The drooling, lust-struck boy's thoughts were rudely cut off by a distinctly uncomfortable kink in the nether regions, reminding Duo of just why he didn't like cross-dressing. Duo surreptitiously pulled at his pantyhose. It obviously wasn't designed with a male crotch in mind, because he was getting damned uncomfortable down there. "Dammit, Heero!" he swore quietly. "How do you stand this stuff?"

The Wing pilot shrugged. "It's not too different from spandex."

Before Duo could properly mull that thought over, an iron grip closed around his wrist and displaced him five feet to the right with alarming and unbalancing suddenness. "What the hell are you doing?!" he yelled, just as he stumbled, listed dangerously, and slammed face-first into somebody's back.
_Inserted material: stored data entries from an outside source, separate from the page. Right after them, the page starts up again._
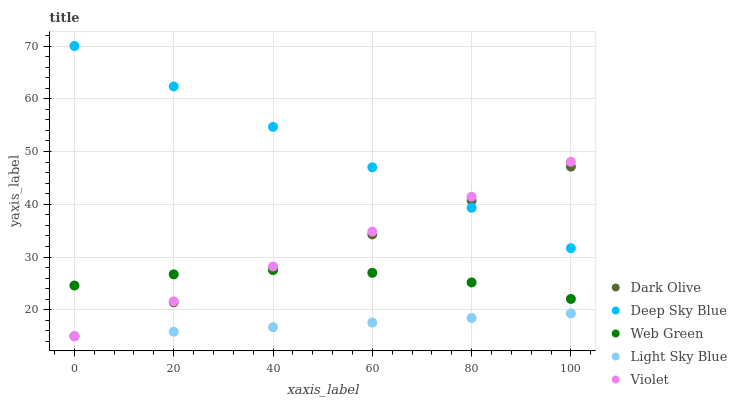Does Light Sky Blue have the minimum area under the curve?
Answer yes or no. Yes. Does Deep Sky Blue have the maximum area under the curve?
Answer yes or no. Yes. Does Dark Olive have the minimum area under the curve?
Answer yes or no. No. Does Dark Olive have the maximum area under the curve?
Answer yes or no. No. Is Light Sky Blue the smoothest?
Answer yes or no. Yes. Is Web Green the roughest?
Answer yes or no. Yes. Is Dark Olive the smoothest?
Answer yes or no. No. Is Dark Olive the roughest?
Answer yes or no. No. Does Violet have the lowest value?
Answer yes or no. Yes. Does Web Green have the lowest value?
Answer yes or no. No. Does Deep Sky Blue have the highest value?
Answer yes or no. Yes. Does Dark Olive have the highest value?
Answer yes or no. No. Is Light Sky Blue less than Deep Sky Blue?
Answer yes or no. Yes. Is Deep Sky Blue greater than Web Green?
Answer yes or no. Yes. Does Deep Sky Blue intersect Dark Olive?
Answer yes or no. Yes. Is Deep Sky Blue less than Dark Olive?
Answer yes or no. No. Is Deep Sky Blue greater than Dark Olive?
Answer yes or no. No. Does Light Sky Blue intersect Deep Sky Blue?
Answer yes or no. No. 
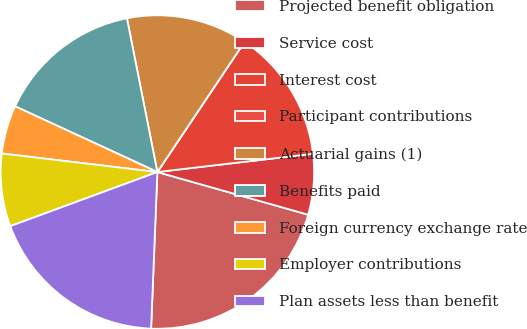Convert chart to OTSL. <chart><loc_0><loc_0><loc_500><loc_500><pie_chart><fcel>Projected benefit obligation<fcel>Service cost<fcel>Interest cost<fcel>Participant contributions<fcel>Actuarial gains (1)<fcel>Benefits paid<fcel>Foreign currency exchange rate<fcel>Employer contributions<fcel>Plan assets less than benefit<nl><fcel>21.25%<fcel>6.25%<fcel>13.75%<fcel>0.0%<fcel>12.5%<fcel>15.0%<fcel>5.0%<fcel>7.5%<fcel>18.75%<nl></chart> 
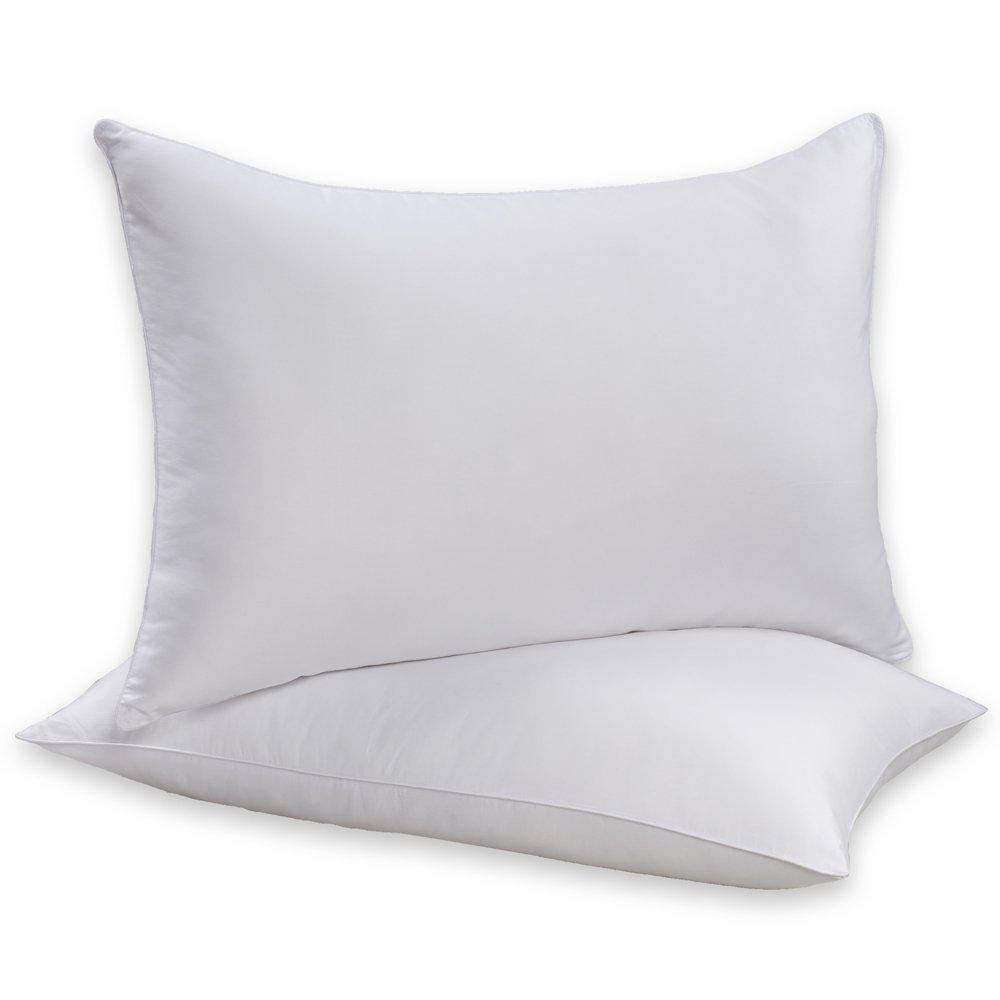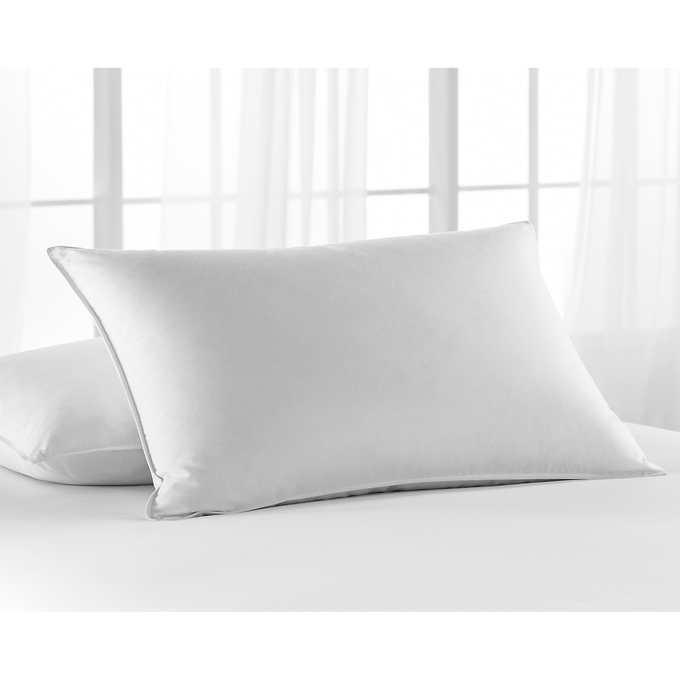The first image is the image on the left, the second image is the image on the right. Considering the images on both sides, is "Each image contains two pillows, and all pillows are rectangular rather than square." valid? Answer yes or no. Yes. The first image is the image on the left, the second image is the image on the right. Evaluate the accuracy of this statement regarding the images: "One of the images has fewer than two pillows.". Is it true? Answer yes or no. No. 
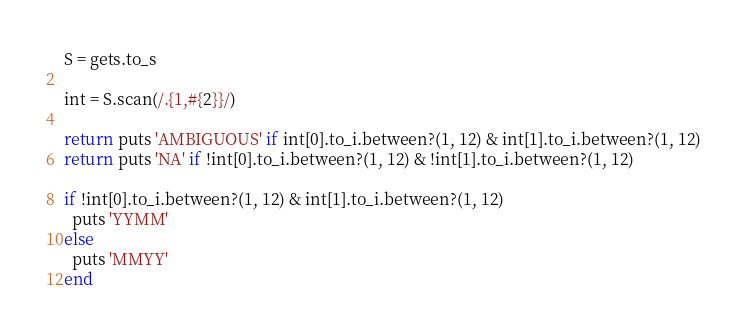<code> <loc_0><loc_0><loc_500><loc_500><_Ruby_>S = gets.to_s

int = S.scan(/.{1,#{2}}/)

return puts 'AMBIGUOUS' if int[0].to_i.between?(1, 12) & int[1].to_i.between?(1, 12)
return puts 'NA' if !int[0].to_i.between?(1, 12) & !int[1].to_i.between?(1, 12)

if !int[0].to_i.between?(1, 12) & int[1].to_i.between?(1, 12)
  puts 'YYMM'
else
  puts 'MMYY'
end</code> 
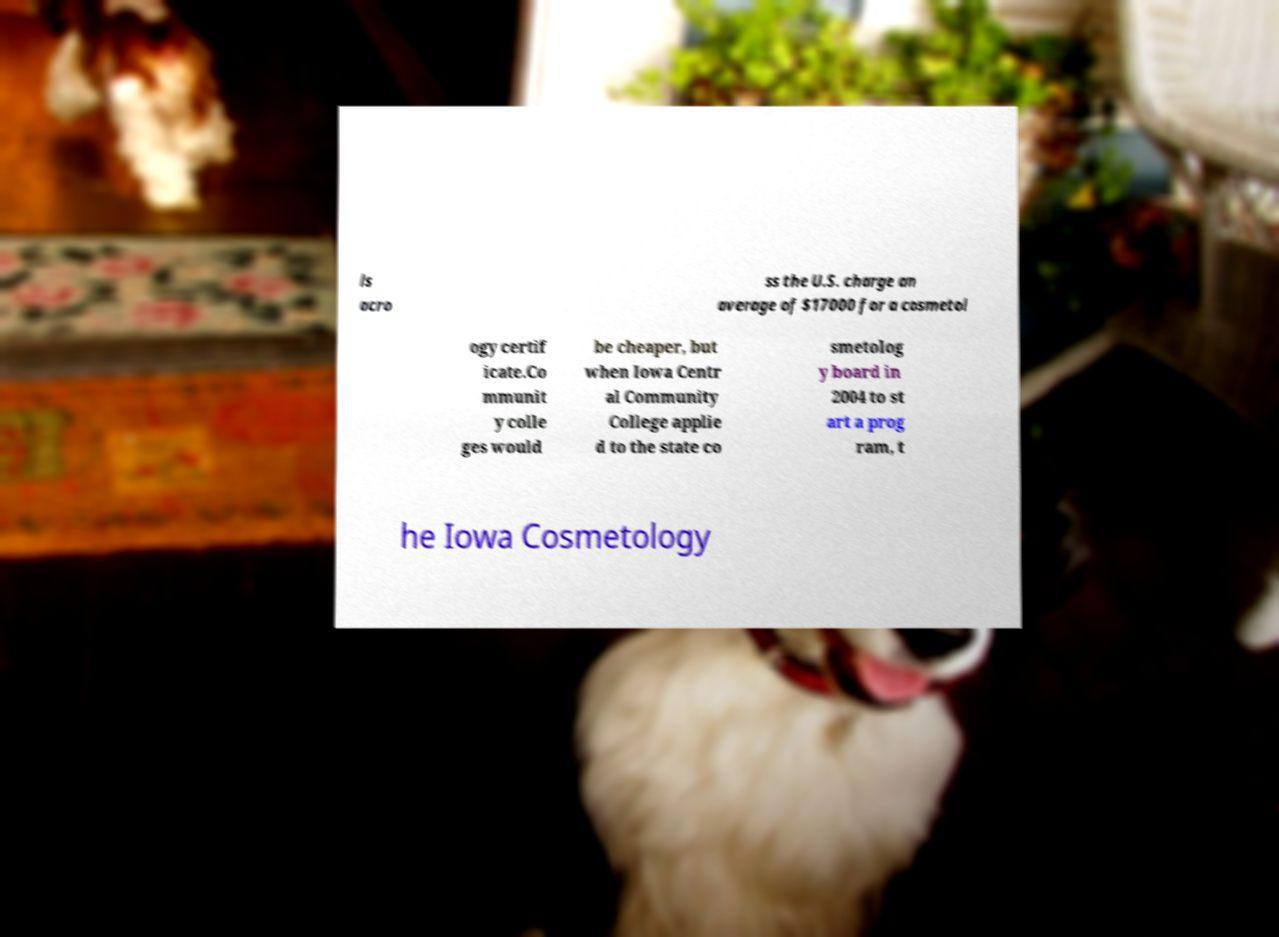What messages or text are displayed in this image? I need them in a readable, typed format. ls acro ss the U.S. charge an average of $17000 for a cosmetol ogy certif icate.Co mmunit y colle ges would be cheaper, but when Iowa Centr al Community College applie d to the state co smetolog y board in 2004 to st art a prog ram, t he Iowa Cosmetology

Somebody's very solid back.

"Shid! I dingk I brode my dose," Duo mumbled, reeling back and pinching his abused olfactory organ gingerly.

"Hey, jerk! You made me spill my drink!"

Duo looked up at the voice to see... somebody's stomach. "Um?" he squeaked, looking up some more, and then some more, until he finally reached a beefy glowering face glaring down at him from somewhere in the stratosphere. "Uh, can I help you, mister?"

"You," a finger that looked about the diameter of his big toe pointed at his face, "made me spill my drink."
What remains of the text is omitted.